--- SOURCE DATA Enclosed Below ---
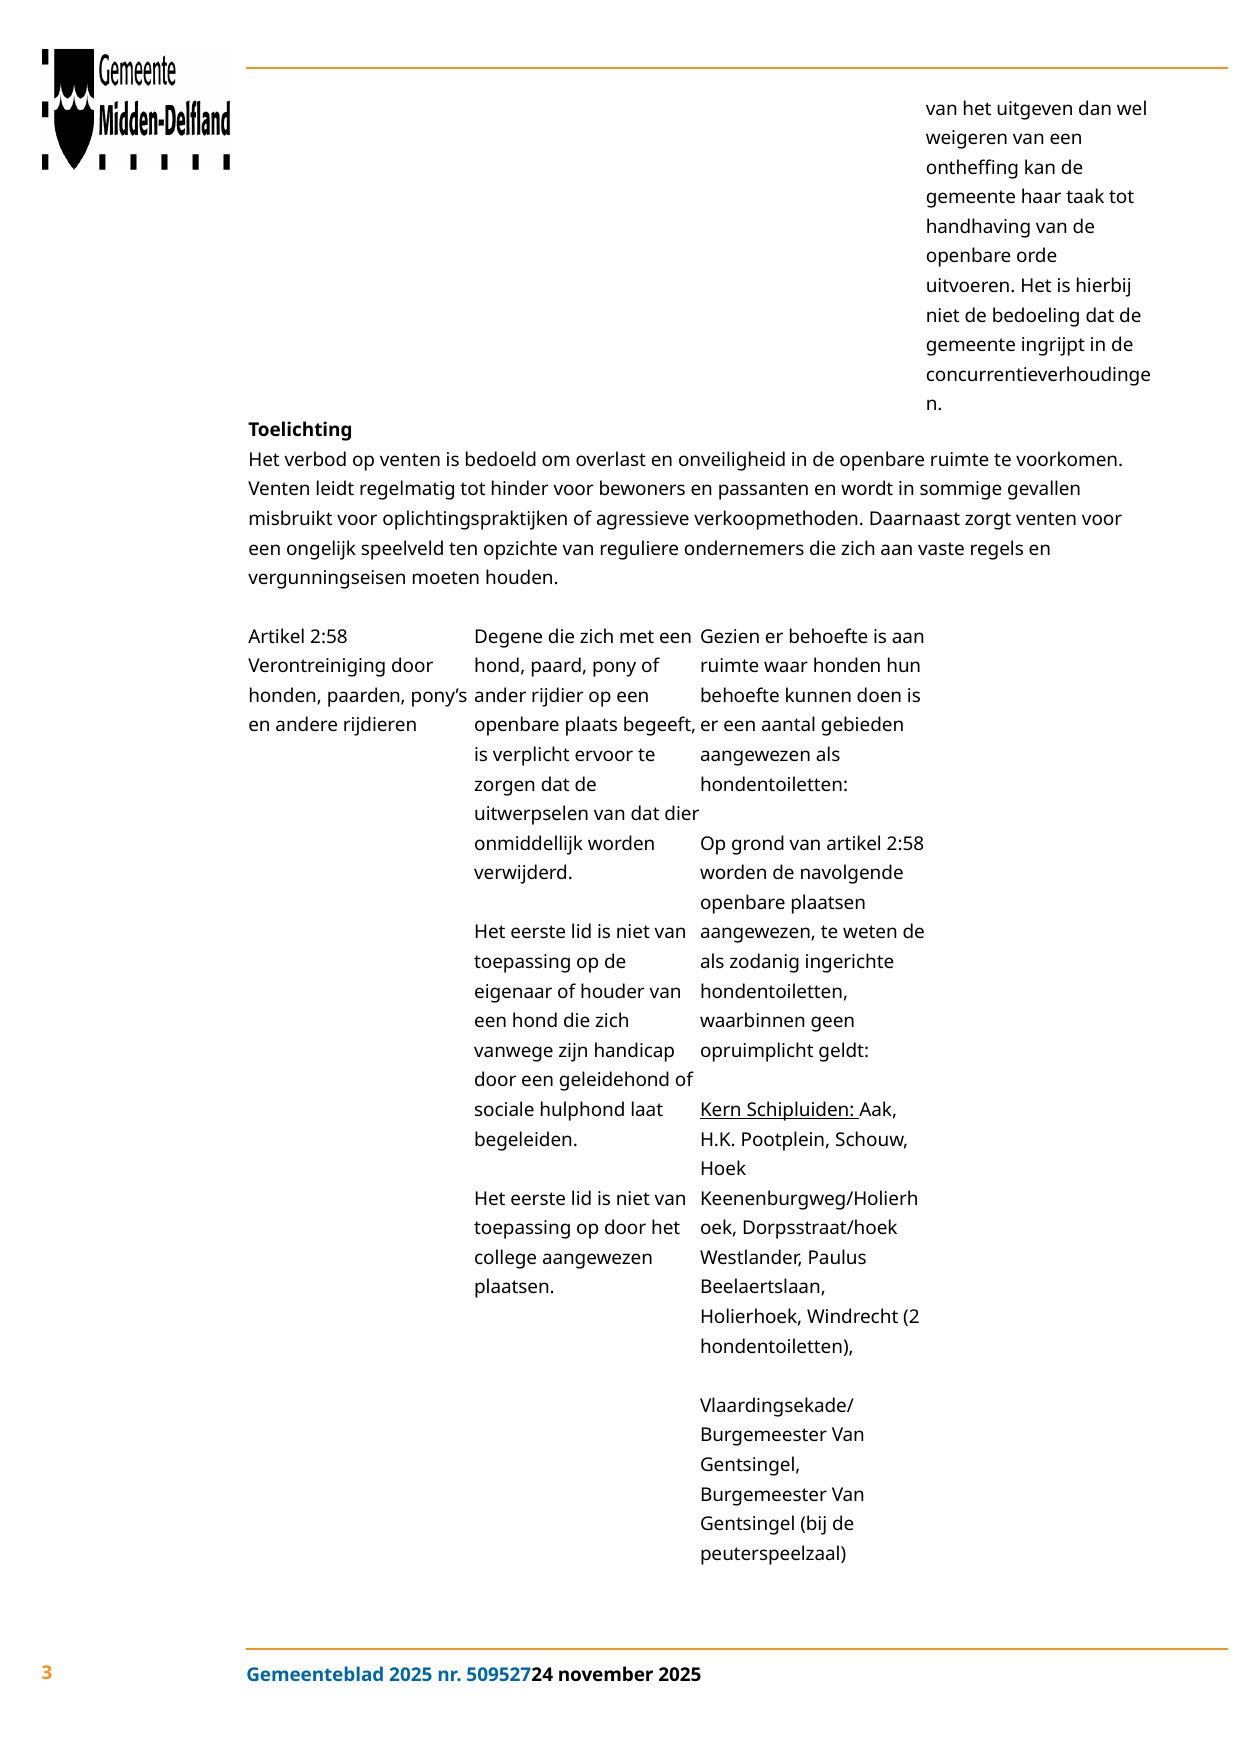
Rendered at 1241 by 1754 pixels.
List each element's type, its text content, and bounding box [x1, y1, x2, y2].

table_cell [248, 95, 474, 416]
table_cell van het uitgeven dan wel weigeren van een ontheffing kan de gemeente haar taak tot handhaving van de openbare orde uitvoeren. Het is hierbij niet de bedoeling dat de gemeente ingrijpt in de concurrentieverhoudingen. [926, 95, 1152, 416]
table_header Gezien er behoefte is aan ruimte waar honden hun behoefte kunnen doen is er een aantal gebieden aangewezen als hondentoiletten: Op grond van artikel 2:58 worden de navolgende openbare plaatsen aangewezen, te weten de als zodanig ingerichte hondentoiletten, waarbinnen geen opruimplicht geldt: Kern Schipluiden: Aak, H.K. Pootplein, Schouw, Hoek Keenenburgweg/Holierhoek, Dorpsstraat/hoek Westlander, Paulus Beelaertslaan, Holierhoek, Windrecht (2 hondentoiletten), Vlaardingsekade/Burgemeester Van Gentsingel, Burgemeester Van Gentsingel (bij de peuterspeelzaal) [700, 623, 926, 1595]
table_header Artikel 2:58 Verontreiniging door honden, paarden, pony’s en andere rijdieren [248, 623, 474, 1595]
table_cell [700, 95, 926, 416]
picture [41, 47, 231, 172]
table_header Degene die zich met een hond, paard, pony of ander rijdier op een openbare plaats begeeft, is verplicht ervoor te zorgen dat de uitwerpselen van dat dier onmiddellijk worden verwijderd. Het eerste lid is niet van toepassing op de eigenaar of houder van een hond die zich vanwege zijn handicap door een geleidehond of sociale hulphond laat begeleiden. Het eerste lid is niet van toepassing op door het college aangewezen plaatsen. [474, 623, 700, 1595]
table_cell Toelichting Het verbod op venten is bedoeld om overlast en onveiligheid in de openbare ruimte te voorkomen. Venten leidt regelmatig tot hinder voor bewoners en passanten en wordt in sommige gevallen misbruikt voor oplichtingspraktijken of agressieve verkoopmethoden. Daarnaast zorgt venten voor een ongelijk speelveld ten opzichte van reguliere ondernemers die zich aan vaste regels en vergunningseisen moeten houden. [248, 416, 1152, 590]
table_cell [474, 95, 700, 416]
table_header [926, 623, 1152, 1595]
--- End of Enclosed SOURCE DATA ---
--- SOURCE DATA Enclosed Below ---
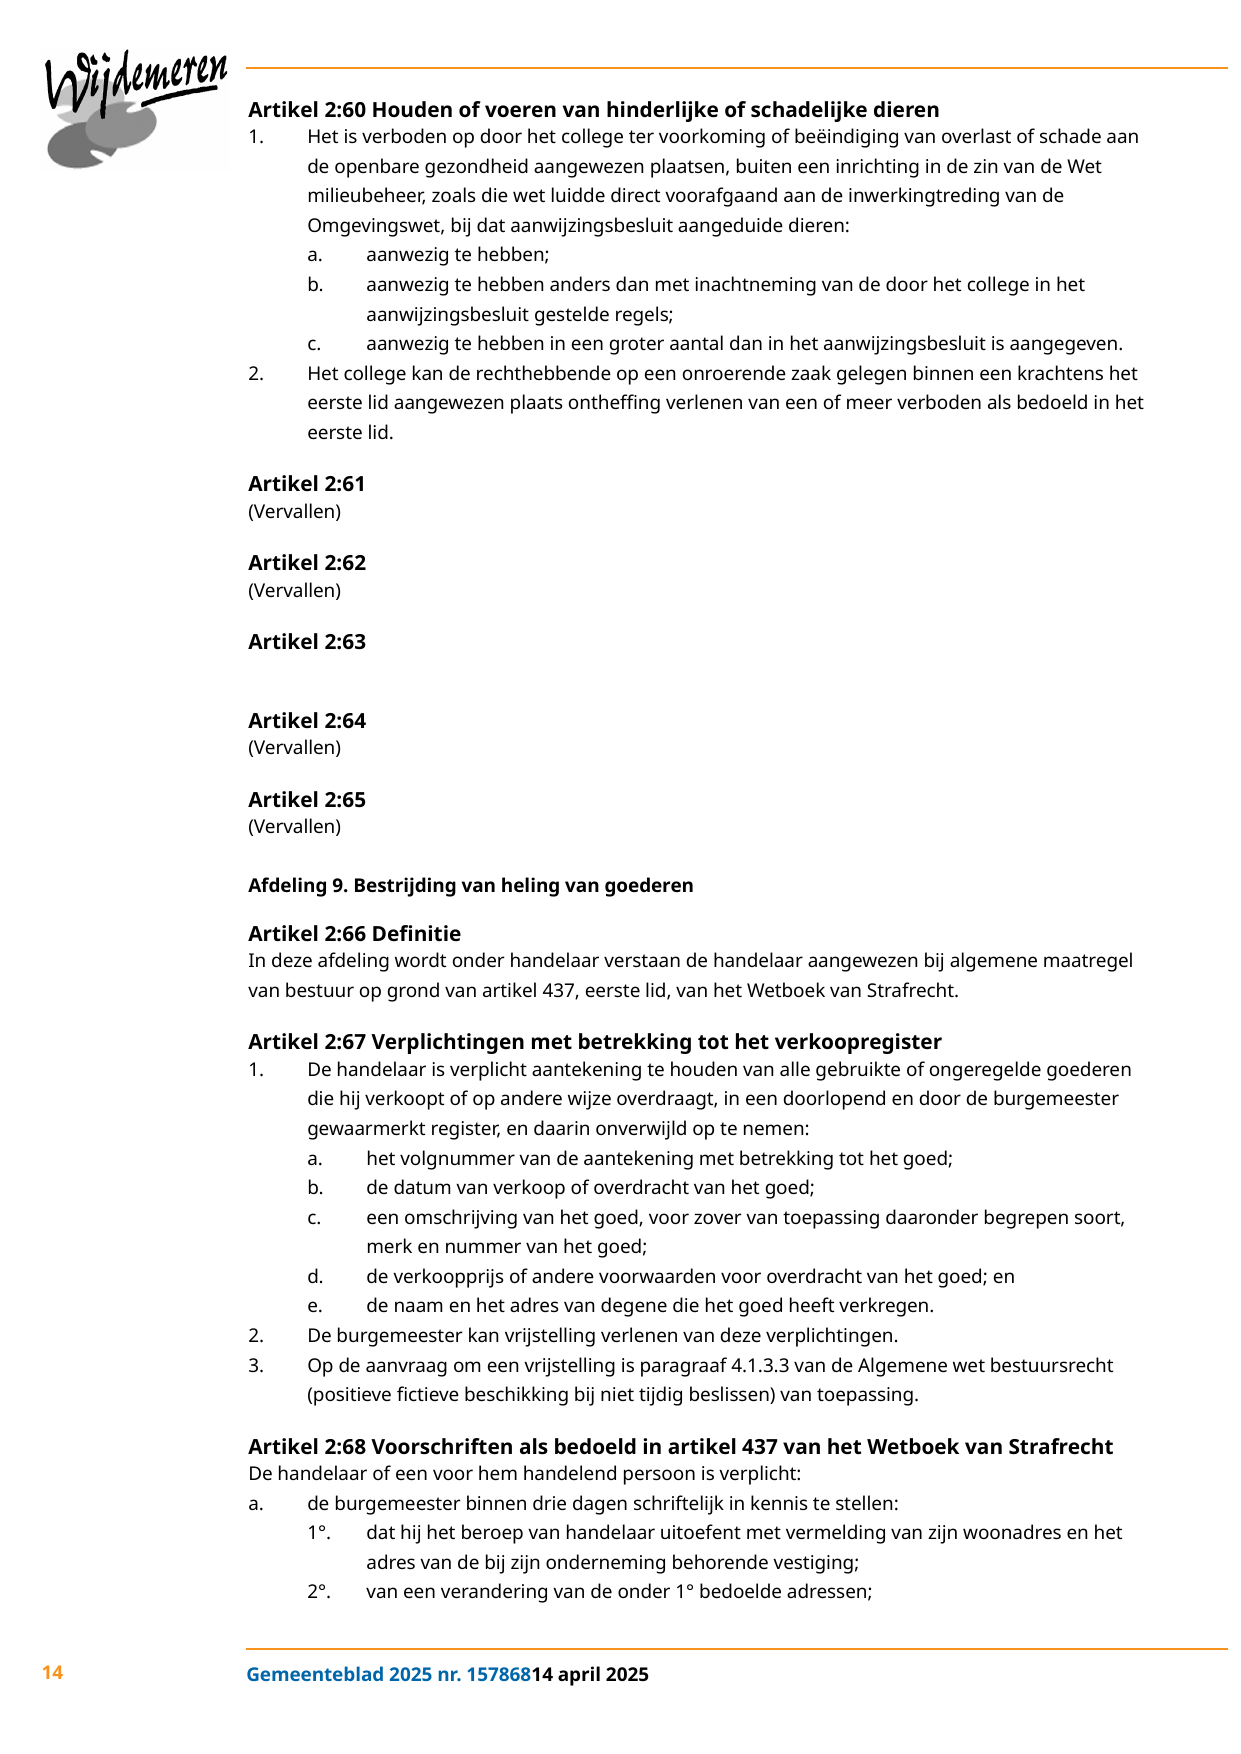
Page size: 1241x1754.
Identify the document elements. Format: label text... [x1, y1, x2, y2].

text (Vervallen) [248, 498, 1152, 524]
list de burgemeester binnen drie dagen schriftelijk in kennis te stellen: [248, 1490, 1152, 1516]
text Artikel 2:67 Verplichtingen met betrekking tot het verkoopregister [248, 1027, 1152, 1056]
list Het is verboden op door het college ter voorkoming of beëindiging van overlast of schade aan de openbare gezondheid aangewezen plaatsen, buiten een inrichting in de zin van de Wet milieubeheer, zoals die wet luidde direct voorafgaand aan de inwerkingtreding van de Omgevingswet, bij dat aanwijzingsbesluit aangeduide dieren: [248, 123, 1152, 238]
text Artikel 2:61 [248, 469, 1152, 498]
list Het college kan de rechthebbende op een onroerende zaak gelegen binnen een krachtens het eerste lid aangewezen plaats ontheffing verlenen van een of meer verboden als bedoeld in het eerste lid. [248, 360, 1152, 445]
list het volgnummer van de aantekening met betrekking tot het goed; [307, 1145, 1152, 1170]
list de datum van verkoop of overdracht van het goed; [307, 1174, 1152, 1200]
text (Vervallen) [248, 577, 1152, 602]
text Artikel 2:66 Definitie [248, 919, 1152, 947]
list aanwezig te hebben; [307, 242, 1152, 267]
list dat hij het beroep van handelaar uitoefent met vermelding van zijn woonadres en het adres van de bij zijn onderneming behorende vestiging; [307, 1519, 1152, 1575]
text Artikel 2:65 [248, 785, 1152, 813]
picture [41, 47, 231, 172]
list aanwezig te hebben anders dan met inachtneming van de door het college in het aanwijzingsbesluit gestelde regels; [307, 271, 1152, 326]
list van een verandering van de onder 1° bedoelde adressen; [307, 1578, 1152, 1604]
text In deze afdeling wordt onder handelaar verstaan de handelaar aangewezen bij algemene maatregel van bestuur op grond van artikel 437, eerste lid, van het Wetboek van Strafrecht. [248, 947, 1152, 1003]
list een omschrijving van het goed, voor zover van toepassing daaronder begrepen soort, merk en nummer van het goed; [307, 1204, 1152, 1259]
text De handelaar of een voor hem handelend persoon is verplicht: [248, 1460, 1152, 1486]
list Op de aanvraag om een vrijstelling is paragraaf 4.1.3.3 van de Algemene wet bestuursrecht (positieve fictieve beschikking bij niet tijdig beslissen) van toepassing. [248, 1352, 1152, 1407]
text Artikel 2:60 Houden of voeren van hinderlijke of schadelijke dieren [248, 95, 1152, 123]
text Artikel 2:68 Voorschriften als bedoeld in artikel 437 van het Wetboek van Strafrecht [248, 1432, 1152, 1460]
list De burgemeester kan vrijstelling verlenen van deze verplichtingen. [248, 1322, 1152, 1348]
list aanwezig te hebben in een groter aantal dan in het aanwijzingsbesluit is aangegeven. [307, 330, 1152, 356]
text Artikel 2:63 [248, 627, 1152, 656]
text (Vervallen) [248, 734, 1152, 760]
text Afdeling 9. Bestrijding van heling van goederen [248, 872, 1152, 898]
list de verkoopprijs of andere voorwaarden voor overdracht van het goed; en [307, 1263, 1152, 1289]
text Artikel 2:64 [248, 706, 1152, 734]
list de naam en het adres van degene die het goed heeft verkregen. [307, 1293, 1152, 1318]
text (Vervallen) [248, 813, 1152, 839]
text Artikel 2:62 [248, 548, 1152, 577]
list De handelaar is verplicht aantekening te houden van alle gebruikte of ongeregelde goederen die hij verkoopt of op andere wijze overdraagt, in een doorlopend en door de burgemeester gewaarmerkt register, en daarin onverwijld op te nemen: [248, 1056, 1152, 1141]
--- End of Enclosed SOURCE DATA ---
--- SOURCE DATA Enclosed Below ---
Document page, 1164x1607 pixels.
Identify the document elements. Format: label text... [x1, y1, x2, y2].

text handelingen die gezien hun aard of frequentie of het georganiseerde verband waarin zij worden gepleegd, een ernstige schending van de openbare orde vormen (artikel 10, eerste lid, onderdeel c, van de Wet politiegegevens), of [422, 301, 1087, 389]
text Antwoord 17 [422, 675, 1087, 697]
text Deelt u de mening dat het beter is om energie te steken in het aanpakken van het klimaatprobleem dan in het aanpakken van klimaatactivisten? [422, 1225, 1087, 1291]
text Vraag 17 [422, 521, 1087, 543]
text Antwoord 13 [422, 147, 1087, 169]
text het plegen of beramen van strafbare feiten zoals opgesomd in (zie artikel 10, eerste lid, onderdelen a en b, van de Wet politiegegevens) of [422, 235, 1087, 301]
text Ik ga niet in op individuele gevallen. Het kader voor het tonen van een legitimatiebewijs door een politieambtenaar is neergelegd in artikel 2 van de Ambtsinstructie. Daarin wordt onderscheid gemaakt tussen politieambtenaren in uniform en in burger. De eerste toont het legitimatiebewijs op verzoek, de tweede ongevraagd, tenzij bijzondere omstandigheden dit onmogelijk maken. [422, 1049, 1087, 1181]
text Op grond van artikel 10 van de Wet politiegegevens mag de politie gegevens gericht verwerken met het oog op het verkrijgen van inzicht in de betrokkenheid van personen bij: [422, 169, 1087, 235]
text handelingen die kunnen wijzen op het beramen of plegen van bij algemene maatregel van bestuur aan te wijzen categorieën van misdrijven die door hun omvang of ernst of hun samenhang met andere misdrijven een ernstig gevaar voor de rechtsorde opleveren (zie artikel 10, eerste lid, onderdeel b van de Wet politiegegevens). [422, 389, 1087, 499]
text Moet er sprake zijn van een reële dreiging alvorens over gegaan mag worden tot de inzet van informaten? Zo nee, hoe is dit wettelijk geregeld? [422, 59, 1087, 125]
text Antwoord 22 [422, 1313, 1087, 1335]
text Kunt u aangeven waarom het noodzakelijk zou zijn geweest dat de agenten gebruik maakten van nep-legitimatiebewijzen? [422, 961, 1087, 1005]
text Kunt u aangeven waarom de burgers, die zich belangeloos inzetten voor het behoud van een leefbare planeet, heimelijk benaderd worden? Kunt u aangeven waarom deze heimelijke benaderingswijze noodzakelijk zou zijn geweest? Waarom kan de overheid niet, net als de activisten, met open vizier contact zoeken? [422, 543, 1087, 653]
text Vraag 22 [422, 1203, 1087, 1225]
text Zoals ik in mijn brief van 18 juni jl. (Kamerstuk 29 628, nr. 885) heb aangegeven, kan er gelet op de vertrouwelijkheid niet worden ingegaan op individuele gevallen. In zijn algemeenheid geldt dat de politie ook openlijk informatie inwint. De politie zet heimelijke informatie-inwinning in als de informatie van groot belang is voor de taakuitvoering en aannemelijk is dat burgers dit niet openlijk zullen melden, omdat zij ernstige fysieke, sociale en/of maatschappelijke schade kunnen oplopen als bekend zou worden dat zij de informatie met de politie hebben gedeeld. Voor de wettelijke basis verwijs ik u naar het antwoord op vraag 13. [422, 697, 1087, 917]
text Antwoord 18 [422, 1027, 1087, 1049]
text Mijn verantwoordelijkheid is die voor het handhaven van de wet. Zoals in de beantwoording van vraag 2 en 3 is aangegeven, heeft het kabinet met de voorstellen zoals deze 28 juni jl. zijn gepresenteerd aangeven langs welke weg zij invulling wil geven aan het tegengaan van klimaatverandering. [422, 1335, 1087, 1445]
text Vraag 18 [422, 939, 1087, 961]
--- End of Enclosed SOURCE DATA ---
**ACTION ITEM:** Lines in the records that hold "aangegeven" should be tallied, with the total given on its own.

**REPLY:** 3